Work instruction: Without the pictures, set down exactly the lines from the one that contains "maker's years: 1715-1776" to the end of the entries, both included, and nothing besides.

Data entries:

------------------------------------------------------------------------

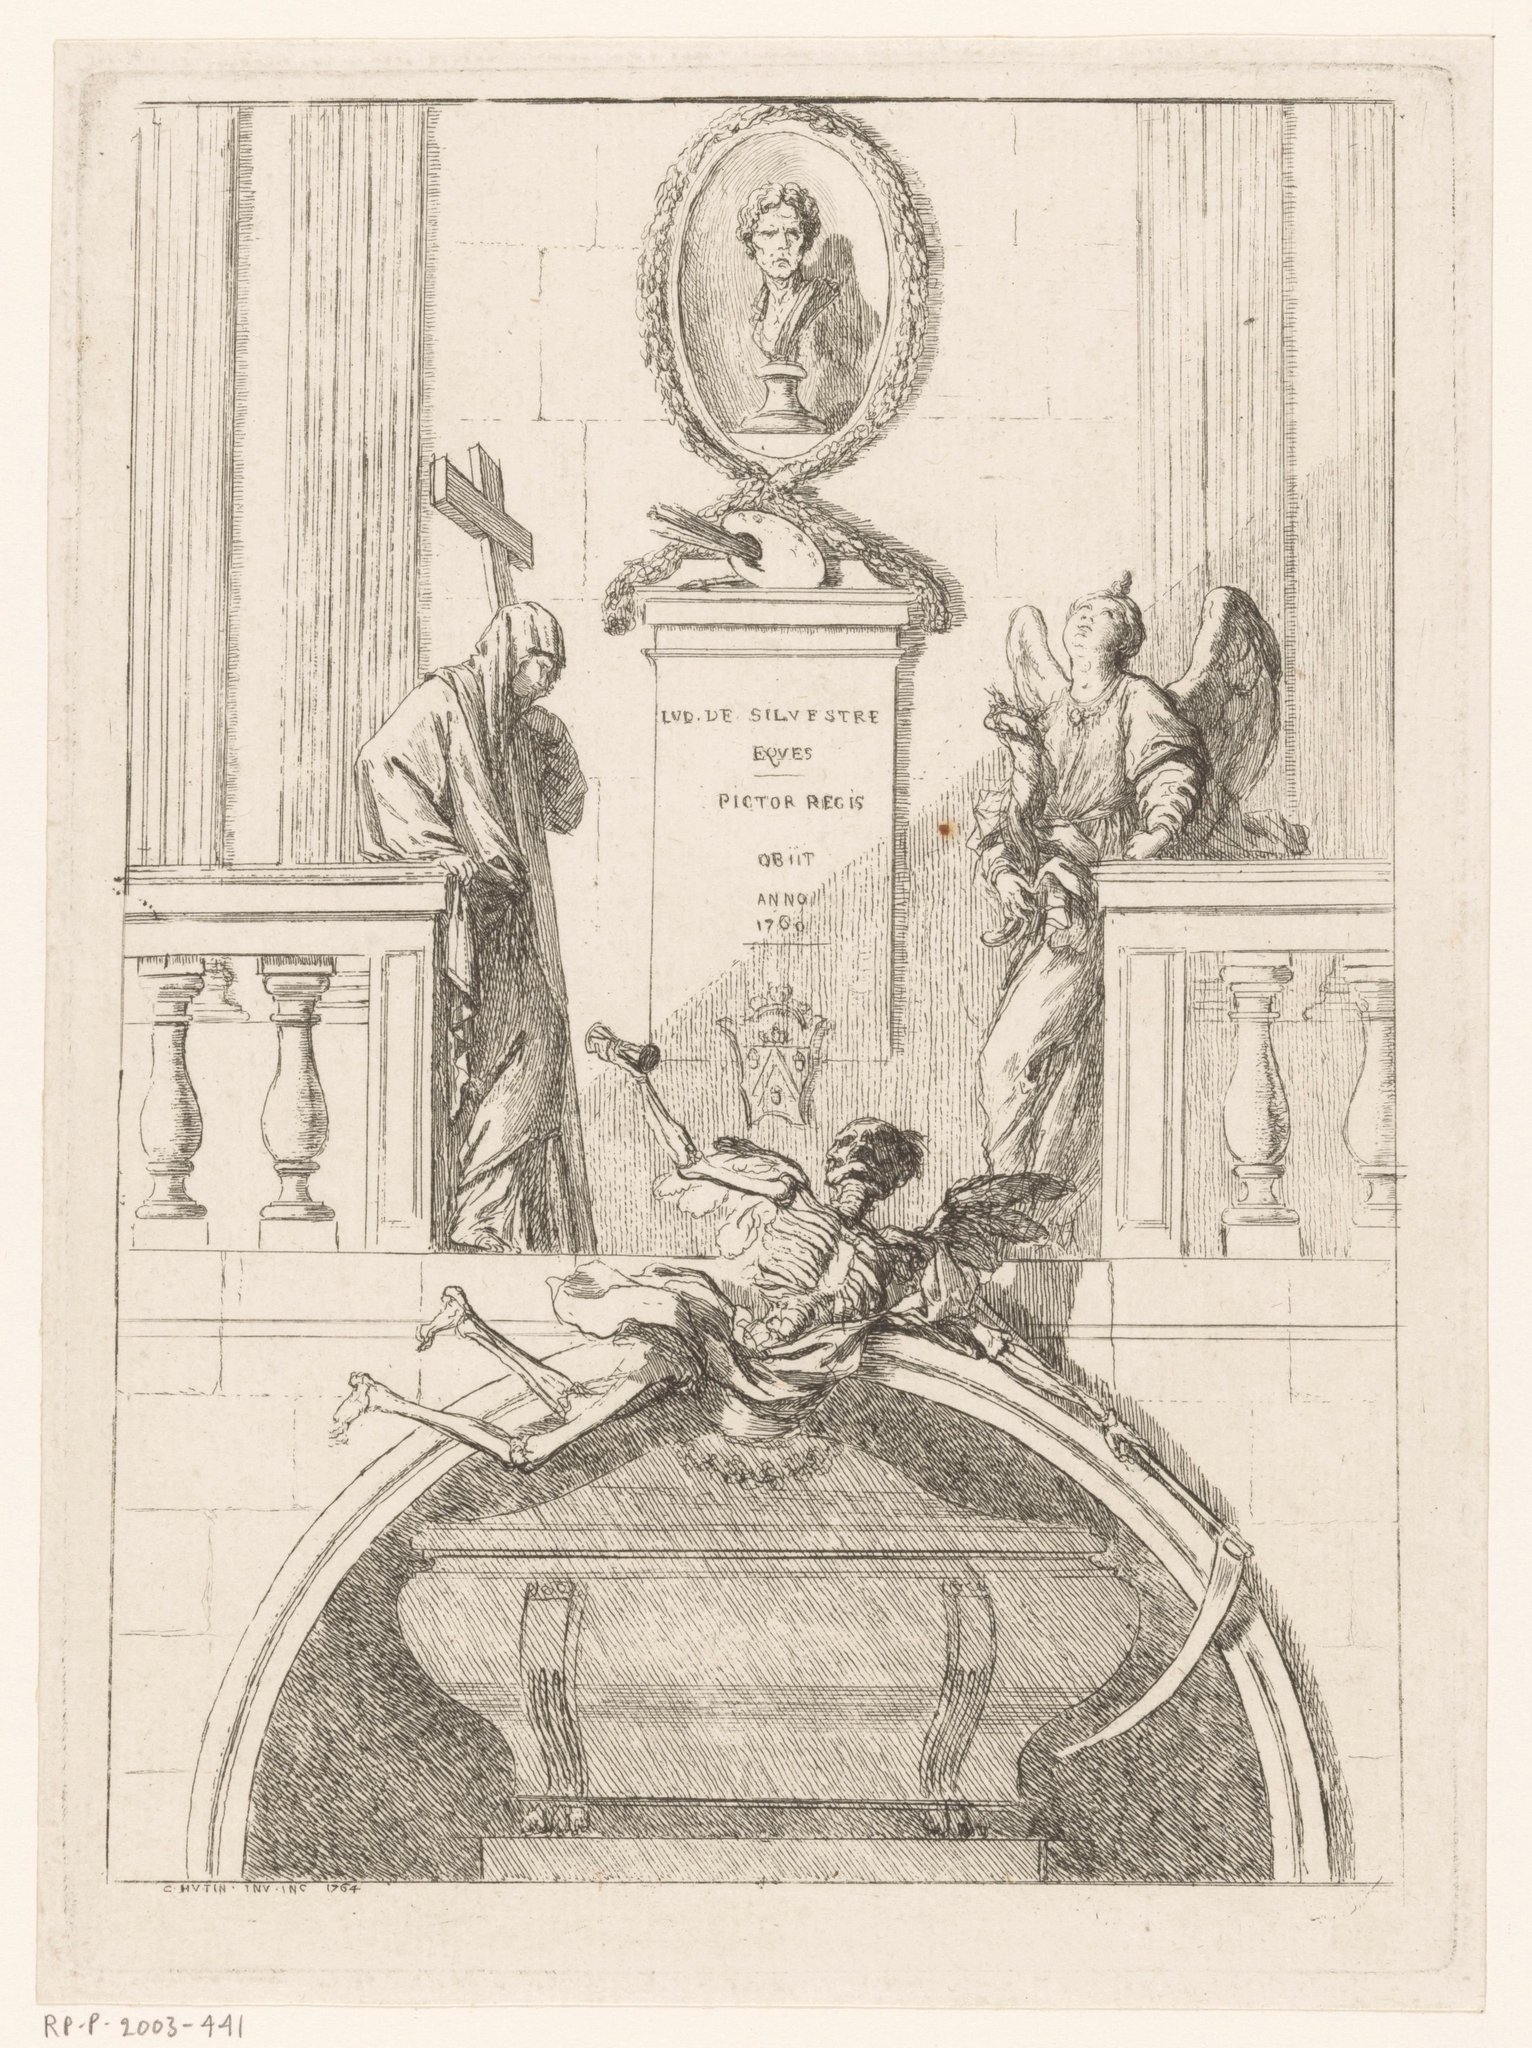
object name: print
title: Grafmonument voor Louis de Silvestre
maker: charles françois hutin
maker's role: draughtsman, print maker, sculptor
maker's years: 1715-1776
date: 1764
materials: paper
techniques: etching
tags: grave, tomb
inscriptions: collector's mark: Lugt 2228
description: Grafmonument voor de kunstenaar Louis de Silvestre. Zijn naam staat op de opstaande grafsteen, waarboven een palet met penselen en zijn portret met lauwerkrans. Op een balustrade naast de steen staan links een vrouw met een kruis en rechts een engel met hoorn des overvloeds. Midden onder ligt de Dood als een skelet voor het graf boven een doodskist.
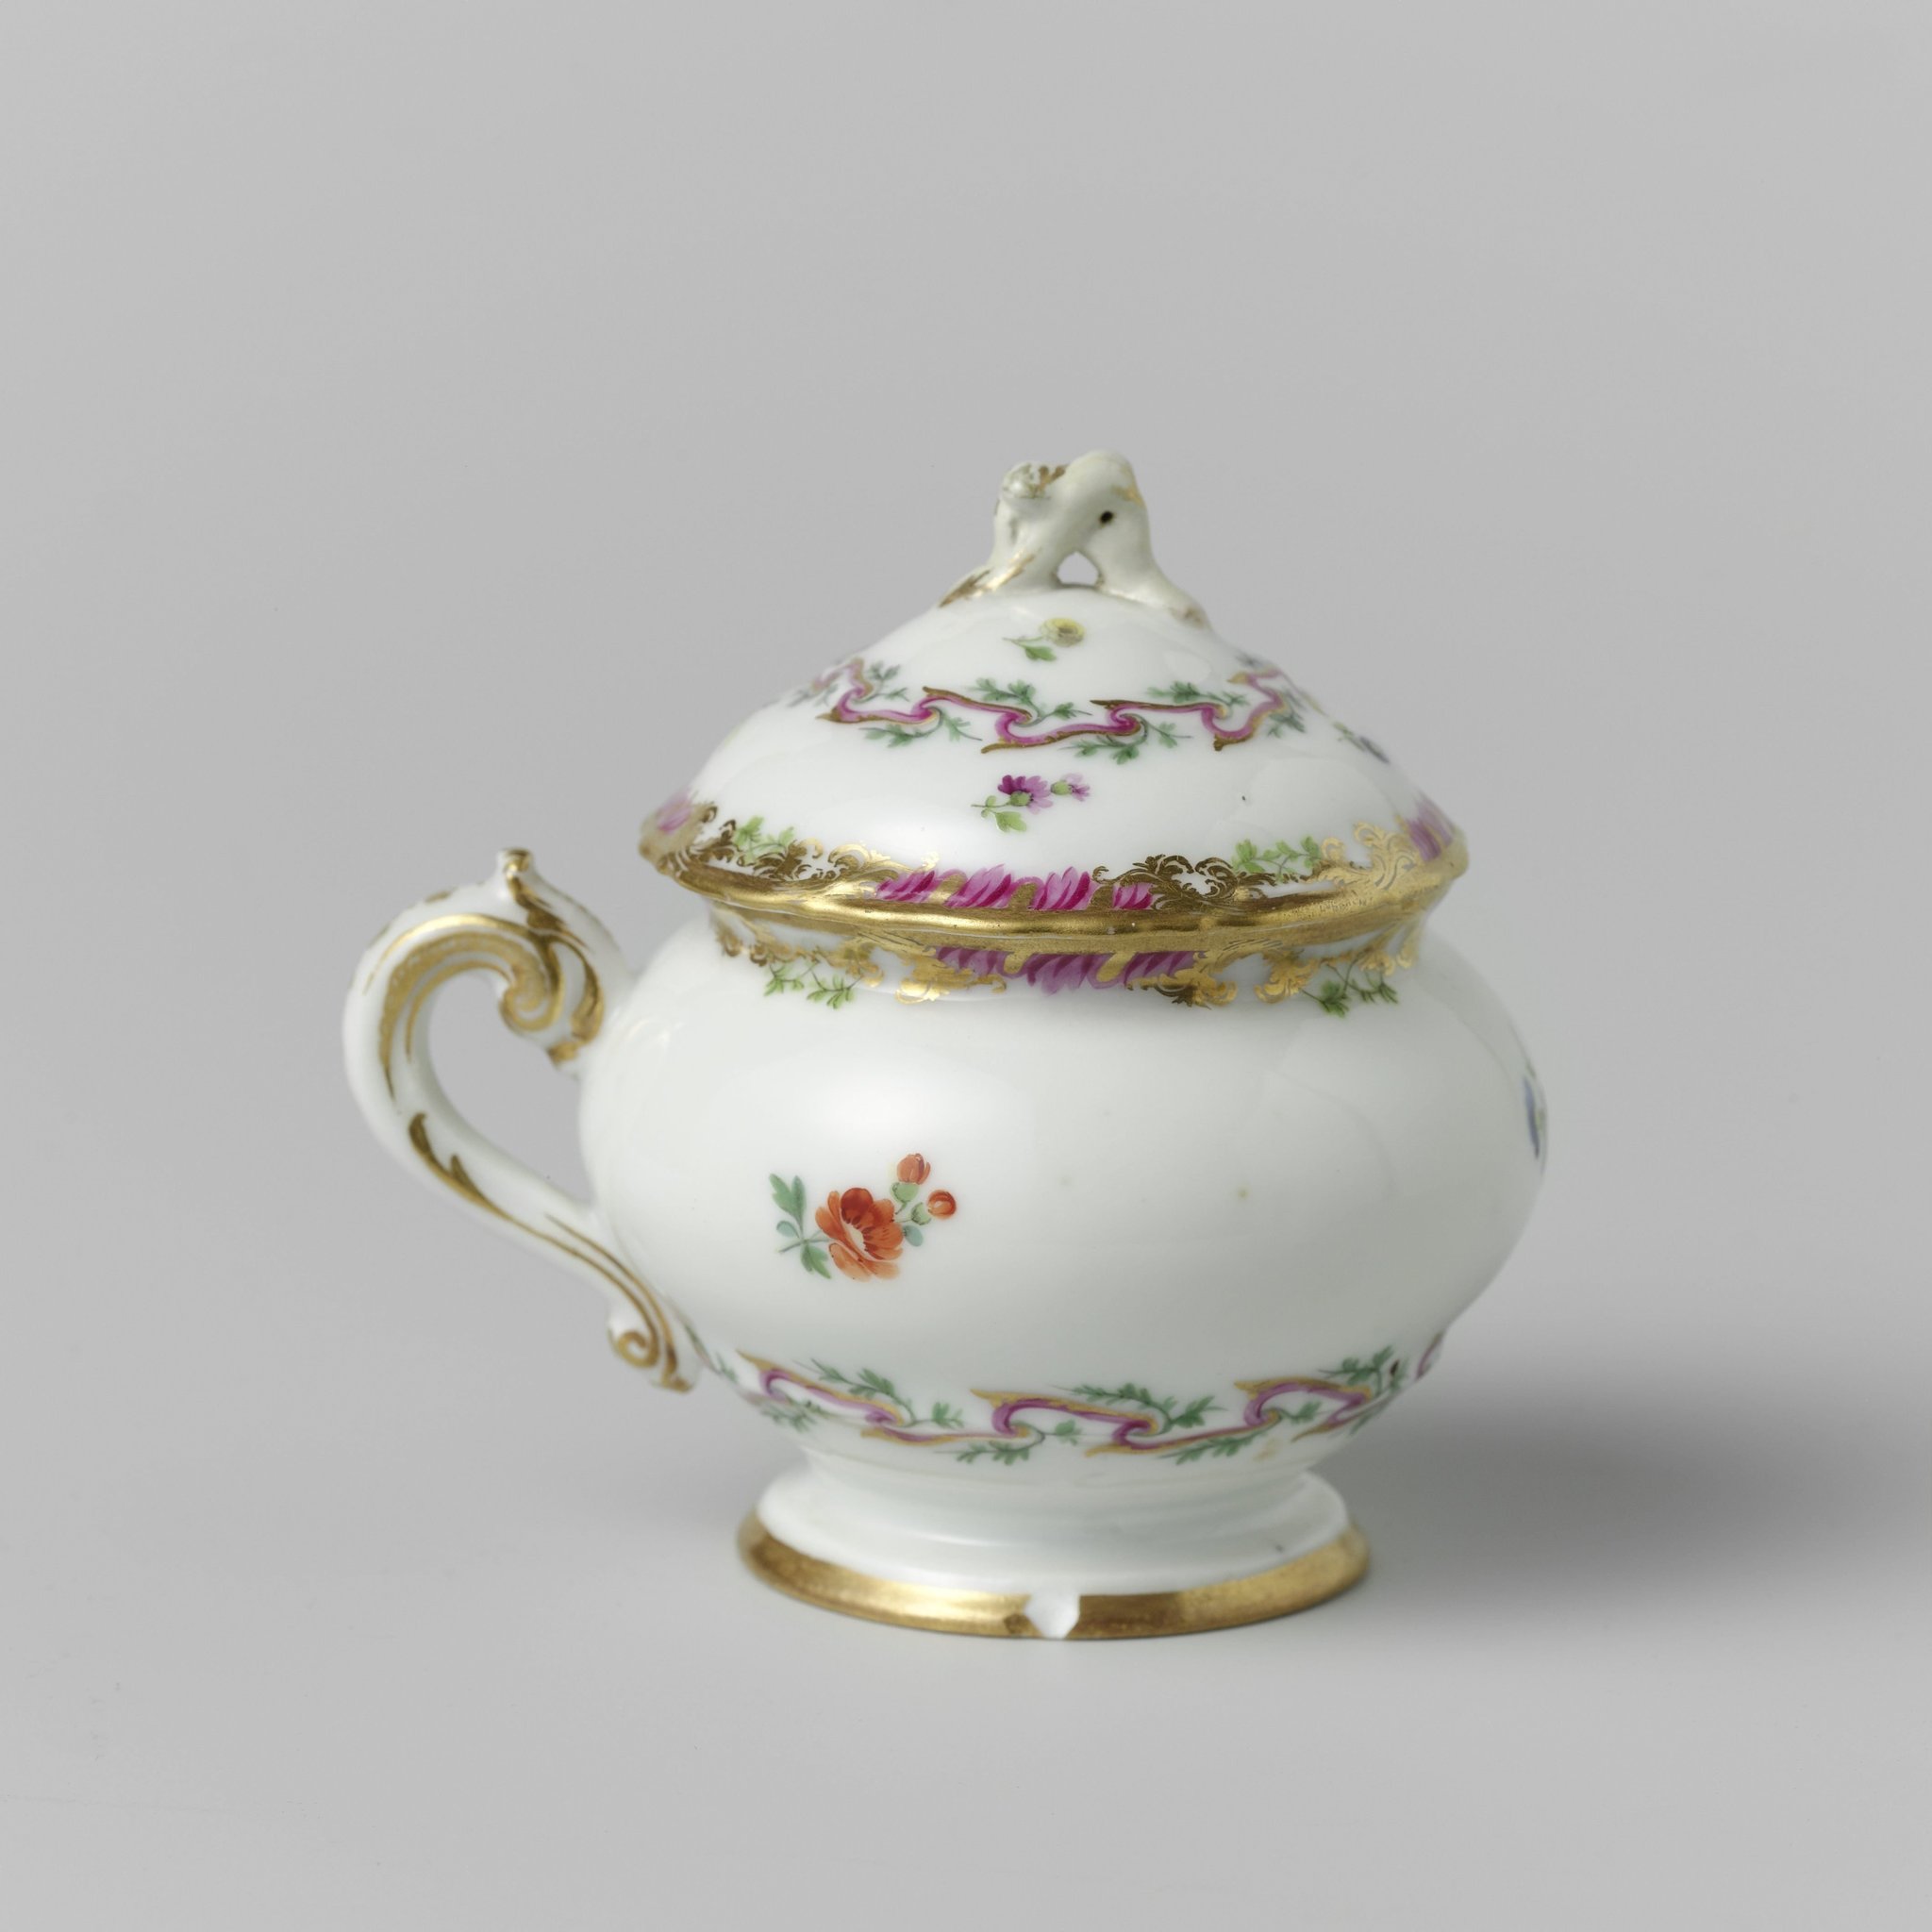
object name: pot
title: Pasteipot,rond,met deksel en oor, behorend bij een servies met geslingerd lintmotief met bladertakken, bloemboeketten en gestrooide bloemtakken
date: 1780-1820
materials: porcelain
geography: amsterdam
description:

------------------------------------------------------------------------

Result of the task:
maker's years: 1715-1776
date: 1764
materials: paper
techniques: etching
tags: grave, tomb
inscriptions: collector's mark: Lugt 2228
description: Grafmonument voor de kunstenaar Louis de Silvestre. Zijn naam staat op de opstaande grafsteen, waarboven een palet met penselen en zijn portret met lauwerkrans. Op een balustrade naast de steen staan links een vrouw met een kruis en rechts een engel met hoorn des overvloeds. Midden onder ligt de Dood als een skelet voor het graf boven een doodskist.
object name: pot
title: Pasteipot,rond,met deksel en oor, behorend bij een servies met geslingerd lintmotief met bladertakken, bloemboeketten en gestrooide bloemtakken
date: 1780-1820
materials: porcelain
geography: amsterdam
description:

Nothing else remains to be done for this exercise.